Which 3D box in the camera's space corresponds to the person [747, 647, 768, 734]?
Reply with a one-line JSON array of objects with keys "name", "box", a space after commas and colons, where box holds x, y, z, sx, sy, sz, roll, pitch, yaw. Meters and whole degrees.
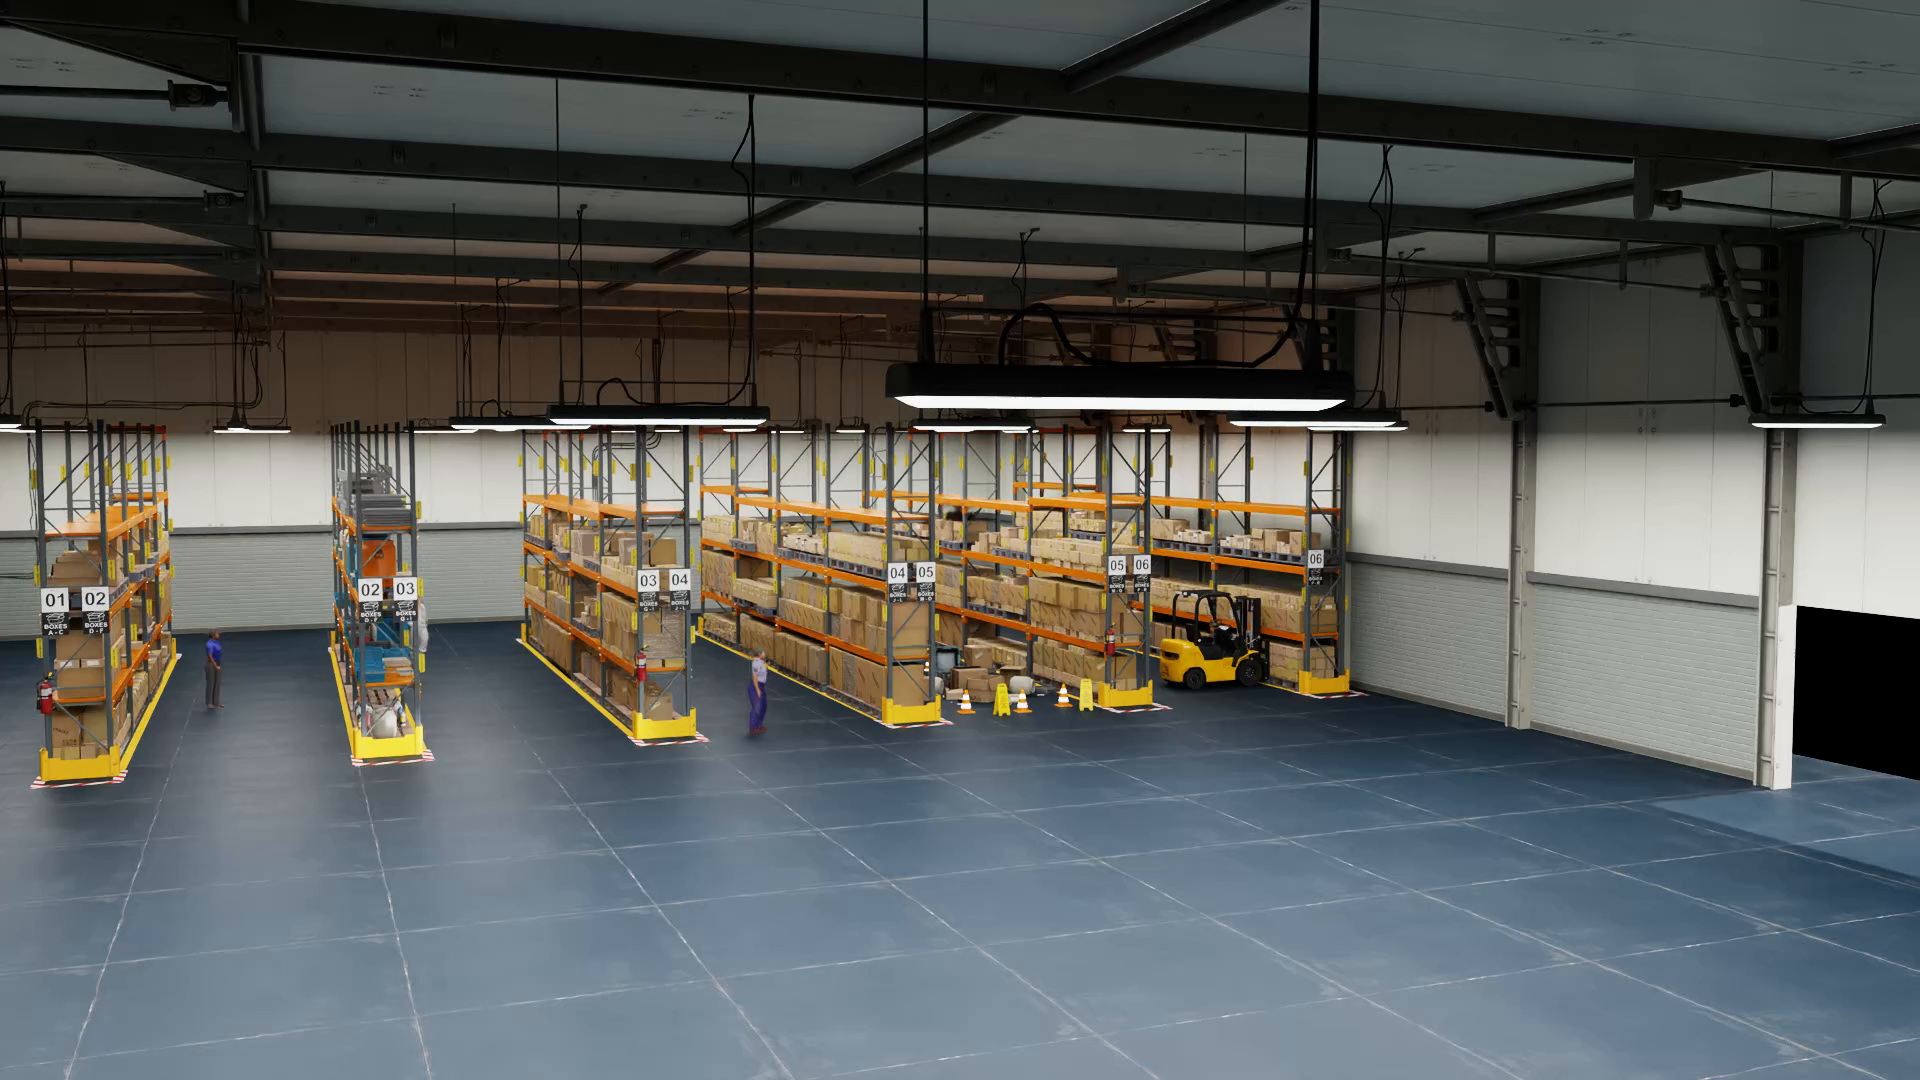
[{"name": "person", "box": [-3.928, 2.915, 32.206, 0.367, 1.628, 0.617, 0, 4, 2]}]

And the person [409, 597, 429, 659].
[{"name": "person", "box": [-13.722, 2.219, 41.984, 0.562, 1.788, 0.812, -3, 5, -42]}]

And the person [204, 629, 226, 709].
[{"name": "person", "box": [-15.630, 2.714, 34.979, 0.497, 1.690, 0.534, 0, 4, 8]}]
▬▬▬
*About this exercise*: Output the records exactly as they appear, skipping any pictures.

*Answer space*:
Which 3D box in the camera's space corresponds to the person [747, 647, 768, 734]?
Reply with a one-line JSON array of objects with keys "name", "box", a space after commas and colons, where box holds x, y, z, sx, sy, sz, roll, pitch, yaw. Meters and whole degrees.
[{"name": "person", "box": [-3.928, 2.915, 32.206, 0.367, 1.628, 0.617, 0, 4, 2]}]

And the person [409, 597, 429, 659].
[{"name": "person", "box": [-13.722, 2.219, 41.984, 0.562, 1.788, 0.812, -3, 5, -42]}]

And the person [204, 629, 226, 709].
[{"name": "person", "box": [-15.630, 2.714, 34.979, 0.497, 1.690, 0.534, 0, 4, 8]}]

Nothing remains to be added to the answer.